4 thoughts on “Book Expectations

  1. Well,you know I’m a pantser. I love that the characters have minds of their own. I didn’t think about that being able to happen to a plotter. That’s pretty cool.

    I’ve been lucky that my mom has always supported me no matter what I chose to do. She was my tower of strength growing up, and I think she’s the reason I feel like I’m so well adjusted. And it really helps that she loves my books. 🙂

  2. Pantsers generally assume that any advance planning is going to somehow interfere with their creativity. I’ve found just the opposite. I do intensive planning, but my characters *always* surprise me, and the stories always make twists and turns that I don’t expect.
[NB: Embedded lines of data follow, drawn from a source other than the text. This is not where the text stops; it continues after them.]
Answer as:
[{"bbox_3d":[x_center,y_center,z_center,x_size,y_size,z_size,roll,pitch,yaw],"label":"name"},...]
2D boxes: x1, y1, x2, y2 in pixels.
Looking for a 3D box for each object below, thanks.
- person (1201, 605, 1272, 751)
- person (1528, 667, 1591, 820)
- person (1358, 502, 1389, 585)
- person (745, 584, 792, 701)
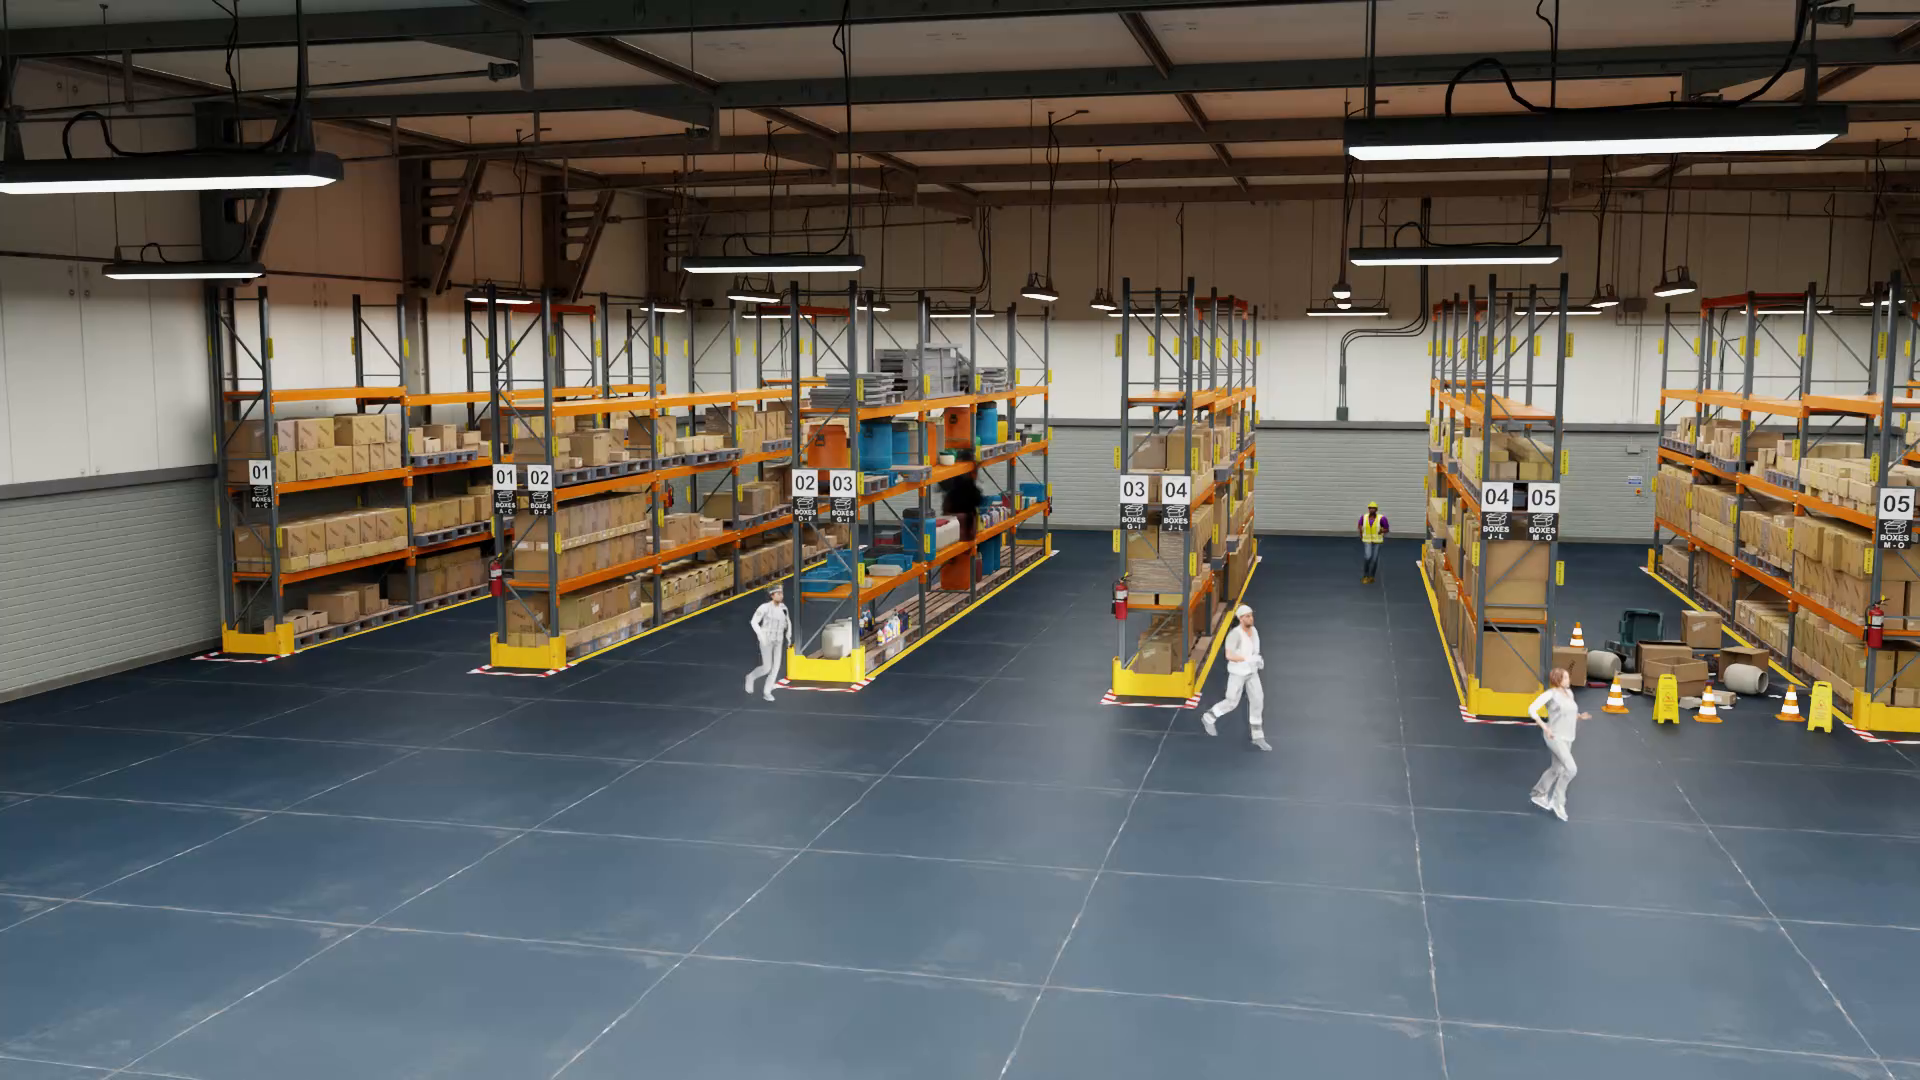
[{"bbox_3d":[3.538,1.703,21.001,0.671,1.798,1.002,-5,8,-38],"label":"person"},{"bbox_3d":[6.420,2.172,17.812,0.516,1.628,0.658,-6,9,-41],"label":"person"},{"bbox_3d":[8.787,0.080,35.402,0.665,1.792,0.709,2,7,16],"label":"person"},{"bbox_3d":[-2.702,1.442,23.912,0.657,1.637,0.600,-5,8,-39],"label":"person"}]
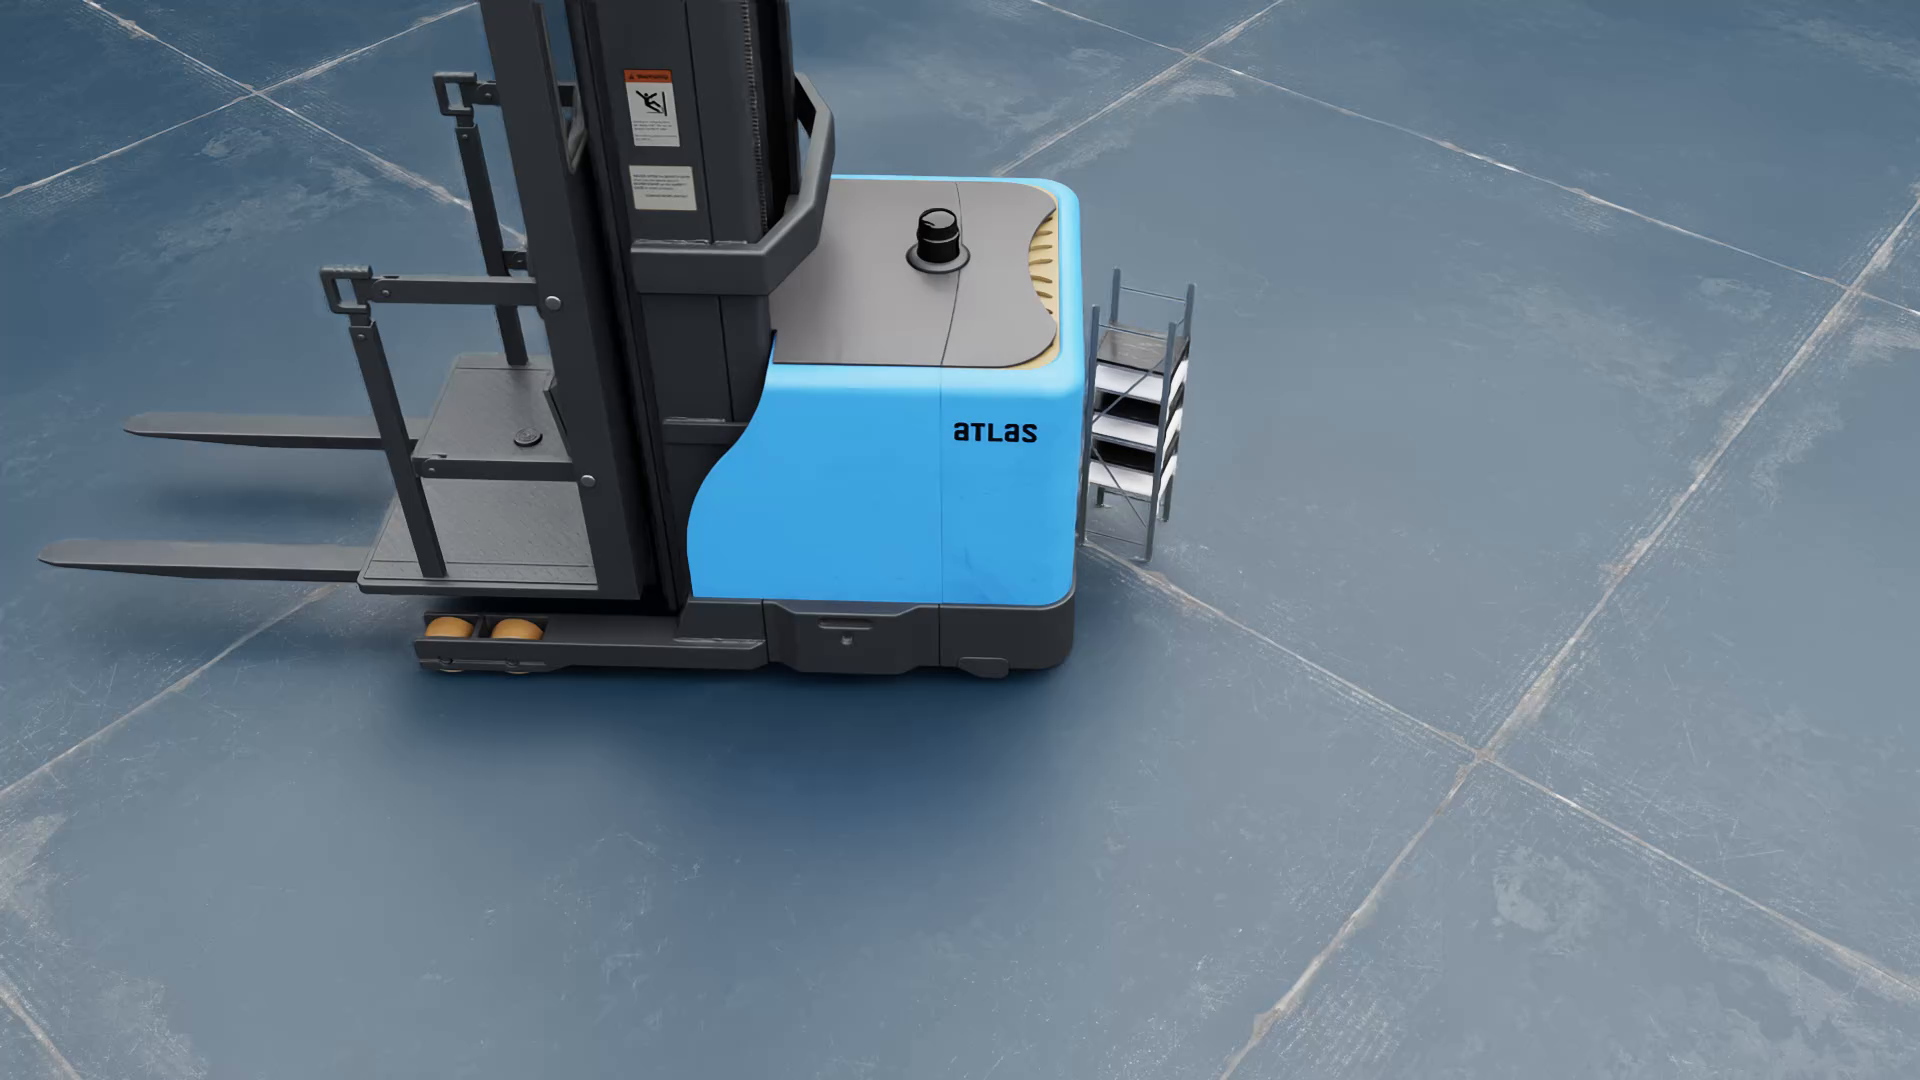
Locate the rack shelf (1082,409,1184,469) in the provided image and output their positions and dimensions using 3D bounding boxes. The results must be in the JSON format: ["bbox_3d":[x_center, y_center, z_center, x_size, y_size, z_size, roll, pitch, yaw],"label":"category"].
[{"bbox_3d":[0.519,-0.331,4.995,0.258,0.077,0.200,14,44,15],"label":"rack shelf"}]

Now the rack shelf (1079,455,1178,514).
[{"bbox_3d":[0.519,-0.198,5.116,0.258,0.077,0.200,14,44,15],"label":"rack shelf"}]

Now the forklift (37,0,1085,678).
[{"bbox_3d":[-1.173,-1.051,4.227,3.031,2.935,1.130,1,42,2],"label":"forklift"}]

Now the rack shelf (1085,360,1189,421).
[{"bbox_3d":[0.519,-0.465,4.874,0.258,0.077,0.200,14,44,15],"label":"rack shelf"}]

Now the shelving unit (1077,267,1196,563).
[{"bbox_3d":[0.519,-0.356,4.973,0.258,0.900,0.210,14,44,15],"label":"shelving unit"}]

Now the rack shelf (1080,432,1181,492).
[{"bbox_3d":[0.519,-0.265,5.056,0.258,0.077,0.200,14,44,15],"label":"rack shelf"}]

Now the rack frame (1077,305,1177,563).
[{"bbox_3d":[0.483,-0.292,4.902,0.240,0.900,0.006,14,44,15],"label":"rack frame"}]

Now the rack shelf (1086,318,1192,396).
[{"bbox_3d":[0.519,-0.531,4.813,0.258,0.077,0.200,14,44,15],"label":"rack shelf"}]

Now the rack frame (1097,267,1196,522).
[{"bbox_3d":[0.555,-0.420,5.043,0.240,0.900,0.006,14,44,15],"label":"rack frame"}]

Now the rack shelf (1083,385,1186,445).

If you plan out every single scene and determine ahead of time exactly what your characters are going to do and say, then I’d agree that’s like wearing a straitjacket. But that’s not my idea of being a plotter.

  3. II agree with Catana–I plot a lot, but some character will always stand up and tell me to stuff my outline, there is no way they are going to do or say what I’ve planned. If they don’t, then the piece feels lifeless–I think it is more a noose than a straightjacket, because it just kills the character if I insist. I’ve stopped doing that!